Friday, February 1, 2013

Recovering



I seem to be recovered from the recent crud, with only some residual brain damage, or maybe this is just the next phase of the disease.  It is far harder for me to write than it was a few months ago.  The ideas appear in my mind, the characters and the dialog, but I can’t seem to get them out on the screen with anything close to my former velocity.  In fact, I seem to going at about half speed. I’ve been working on the present book since May, 2012, and I have only somewhat over 200 pages done.  I tell myself that a historical novel is vastly harder to write than a contemporary thriller and so there are many stoppages when one has to discover some odd fact before one can proceed.  Or it is mere debility?  (But I shy from believing that, as I am uniquely immune from the effects of aging.)   Meanwhile, I know the world is avidly awaiting a vast, baggy historical novel about central Europe, so I am hurrying as fast as I can.
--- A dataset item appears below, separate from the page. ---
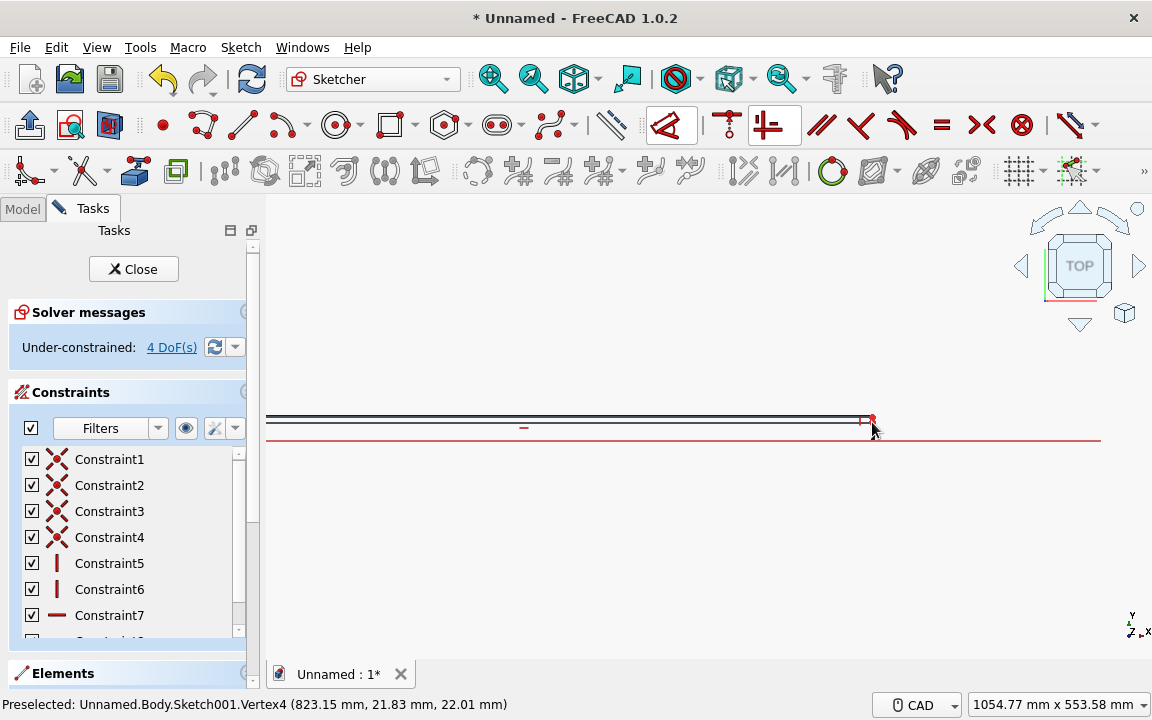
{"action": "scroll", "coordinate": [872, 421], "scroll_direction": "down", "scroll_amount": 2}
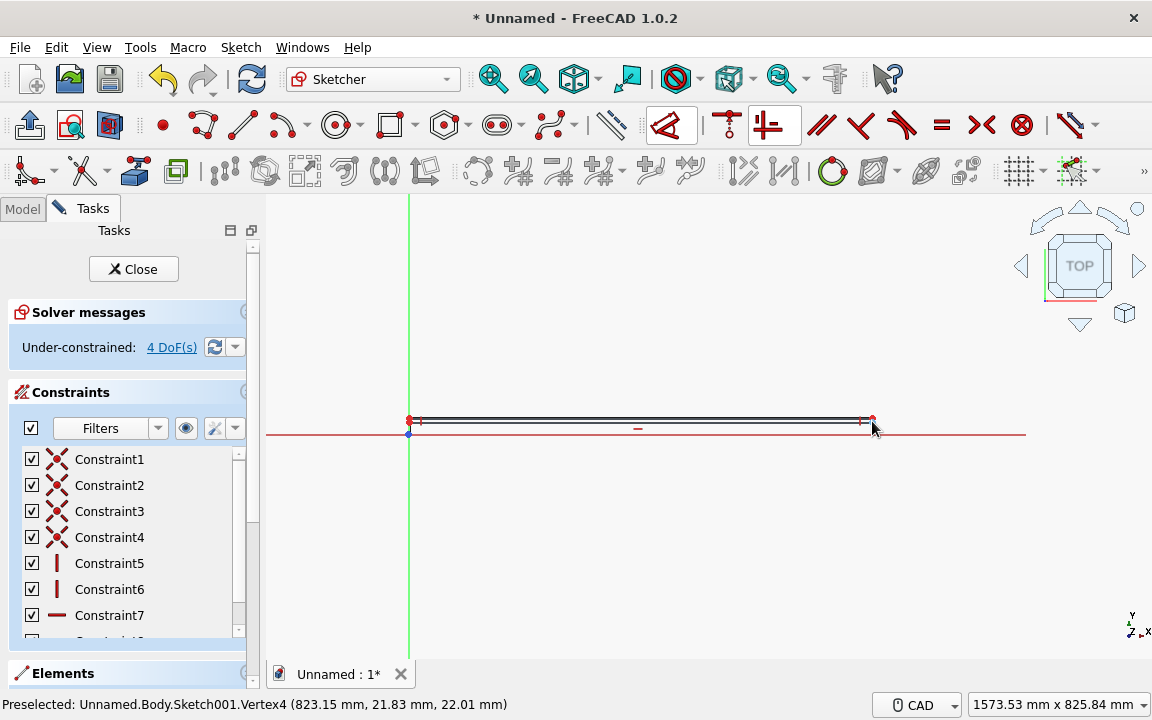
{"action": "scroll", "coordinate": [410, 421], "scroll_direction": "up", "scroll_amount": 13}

I also see that I am doing this blog all wrong compared to other blogs I come across.  It’s supposed to be daily stuff, short bits, but I don’t seem to be able to do that.  It bores me terribly.   Fiction writers’ lives, I think, are just not that interesting; the work might be interesting—every writer hopes so—but the life is dull, every day more or less the same, assessed in terms of words spilled out on the page, and how do you know whether they’re any good?     Yet so many people seem to want to be writers.   It’s a mystery to me.  So this seems to be a miscellany of random thoughts, the kind of stuff that goes into a notebook and gets dragged into a novel if appropriate, but here tarted up into small essays.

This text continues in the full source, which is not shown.